### What you have to do:
Please write out the line containing "text Kamerstukken II, 2024, 26" and each line after it through the end of the data, exactly, and nothing else.

### Data records:
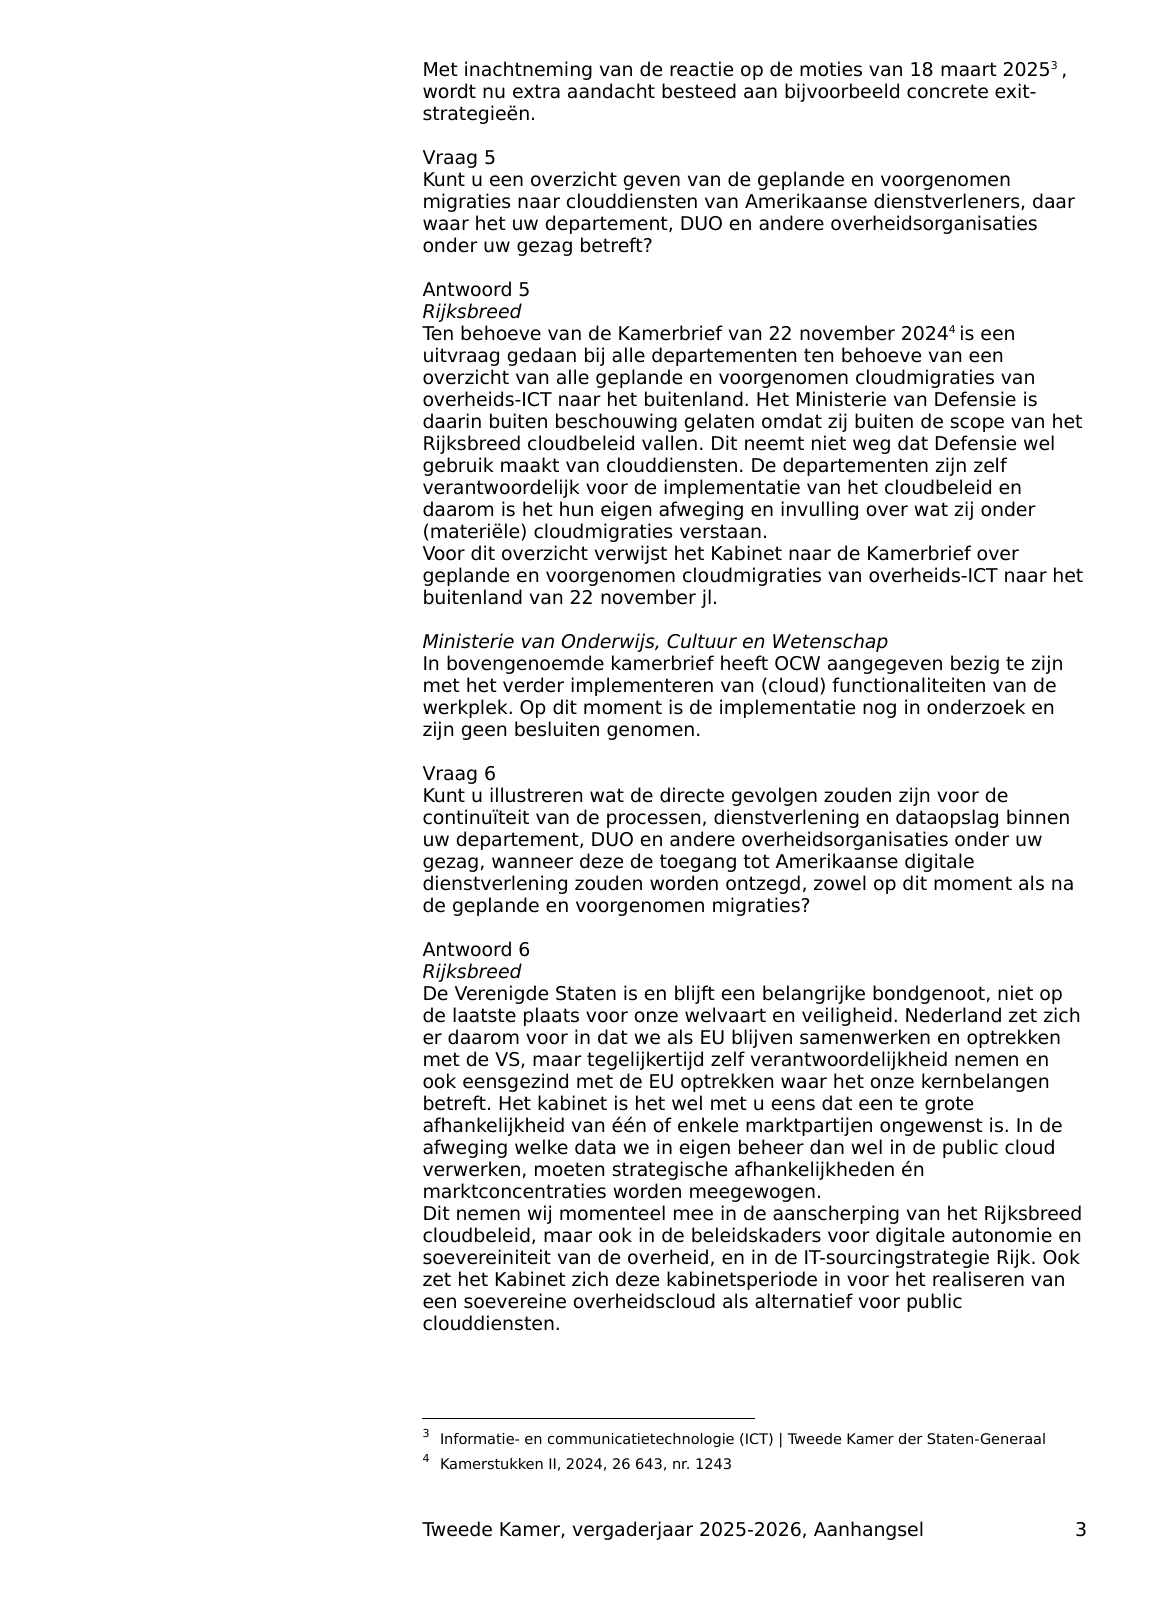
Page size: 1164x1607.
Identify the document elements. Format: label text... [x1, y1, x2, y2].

text Kunt u illustreren wat de directe gevolgen zouden zijn voor de continuïteit van de processen, dienstverlening en dataopslag binnen uw departement, DUO en andere overheidsorganisaties onder uw gezag, wanneer deze de toegang tot Amerikaanse digitale dienstverlening zouden worden ontzegd, zowel op dit moment als na de geplande en voorgenomen migraties? [422, 785, 1087, 917]
text Ministerie van Onderwijs, Cultuur en Wetenschap [422, 631, 1087, 653]
text Voor dit overzicht verwijst het Kabinet naar de Kamerbrief over geplande en voorgenomen cloudmigraties van overheids-ICT naar het buitenland van 22 november jl. [422, 543, 1087, 609]
text Rijksbreed [422, 961, 1087, 983]
text Kunt u een overzicht geven van de geplande en voorgenomen migraties naar clouddiensten van Amerikaanse dienstverleners, daar waar het uw departement, DUO en andere overheidsorganisaties onder uw gezag betreft? [422, 169, 1087, 257]
text In bovengenoemde kamerbrief heeft OCW aangegeven bezig te zijn met het verder implementeren van (cloud) functionaliteiten van de werkplek. Op dit moment is de implementatie nog in onderzoek en zijn geen besluiten genomen. [422, 653, 1087, 741]
text Vraag 6 [422, 763, 1087, 785]
text Informatie- en communicatietechnologie (ICT) | Tweede Kamer der Staten-Generaal [422, 1427, 1087, 1449]
text Met inachtneming van de reactie op de moties van 18 maart 2025, wordt nu extra aandacht besteed aan bijvoorbeeld concrete exit-strategieën. [422, 59, 1087, 125]
text Rijksbreed [422, 301, 1087, 323]
text Antwoord 5 [422, 279, 1087, 301]
text Vraag 5 [422, 147, 1087, 169]
text Dit nemen wij momenteel mee in de aanscherping van het Rijksbreed cloudbeleid, maar ook in de beleidskaders voor digitale autonomie en soevereiniteit van de overheid, en in de IT-sourcingstrategie Rijk. Ook zet het Kabinet zich deze kabinetsperiode in voor het realiseren van een soevereine overheidscloud als alternatief voor public clouddiensten. [422, 1203, 1087, 1335]
text Kamerstukken II, 2024, 26 643, nr. 1243 [422, 1452, 1087, 1474]
text De Verenigde Staten is en blijft een belangrijke bondgenoot, niet op de laatste plaats voor onze welvaart en veiligheid. Nederland zet zich er daarom voor in dat we als EU blijven samenwerken en optrekken met de VS, maar tegelijkertijd zelf verantwoordelijkheid nemen en ook eensgezind met de EU optrekken waar het onze kernbelangen betreft. Het kabinet is het wel met u eens dat een te grote afhankelijkheid van één of enkele marktpartijen ongewenst is. In de afweging welke data we in eigen beheer dan wel in de public cloud verwerken, moeten strategische afhankelijkheden én marktconcentraties worden meegewogen. [422, 983, 1087, 1203]
text Antwoord 6 [422, 939, 1087, 961]
text Ten behoeve van de Kamerbrief van 22 november 2024is een uitvraag gedaan bij alle departementen ten behoeve van een overzicht van alle geplande en voorgenomen cloudmigraties van overheids-ICT naar het buitenland. Het Ministerie van Defensie is daarin buiten beschouwing gelaten omdat zij buiten de scope van het Rijksbreed cloudbeleid vallen. Dit neemt niet weg dat Defensie wel gebruik maakt van clouddiensten. De departementen zijn zelf verantwoordelijk voor de implementatie van het cloudbeleid en daarom is het hun eigen afweging en invulling over wat zij onder (materiële) cloudmigraties verstaan. [422, 323, 1087, 543]

### Problem solution:
text Kamerstukken II, 2024, 26 643, nr. 1243 [422, 1452, 1087, 1474]
text De Verenigde Staten is en blijft een belangrijke bondgenoot, niet op de laatste plaats voor onze welvaart en veiligheid. Nederland zet zich er daarom voor in dat we als EU blijven samenwerken en optrekken met de VS, maar tegelijkertijd zelf verantwoordelijkheid nemen en ook eensgezind met de EU optrekken waar het onze kernbelangen betreft. Het kabinet is het wel met u eens dat een te grote afhankelijkheid van één of enkele marktpartijen ongewenst is. In de afweging welke data we in eigen beheer dan wel in de public cloud verwerken, moeten strategische afhankelijkheden én marktconcentraties worden meegewogen. [422, 983, 1087, 1203]
text Antwoord 6 [422, 939, 1087, 961]
text Ten behoeve van de Kamerbrief van 22 november 2024is een uitvraag gedaan bij alle departementen ten behoeve van een overzicht van alle geplande en voorgenomen cloudmigraties van overheids-ICT naar het buitenland. Het Ministerie van Defensie is daarin buiten beschouwing gelaten omdat zij buiten de scope van het Rijksbreed cloudbeleid vallen. Dit neemt niet weg dat Defensie wel gebruik maakt van clouddiensten. De departementen zijn zelf verantwoordelijk voor de implementatie van het cloudbeleid en daarom is het hun eigen afweging en invulling over wat zij onder (materiële) cloudmigraties verstaan. [422, 323, 1087, 543]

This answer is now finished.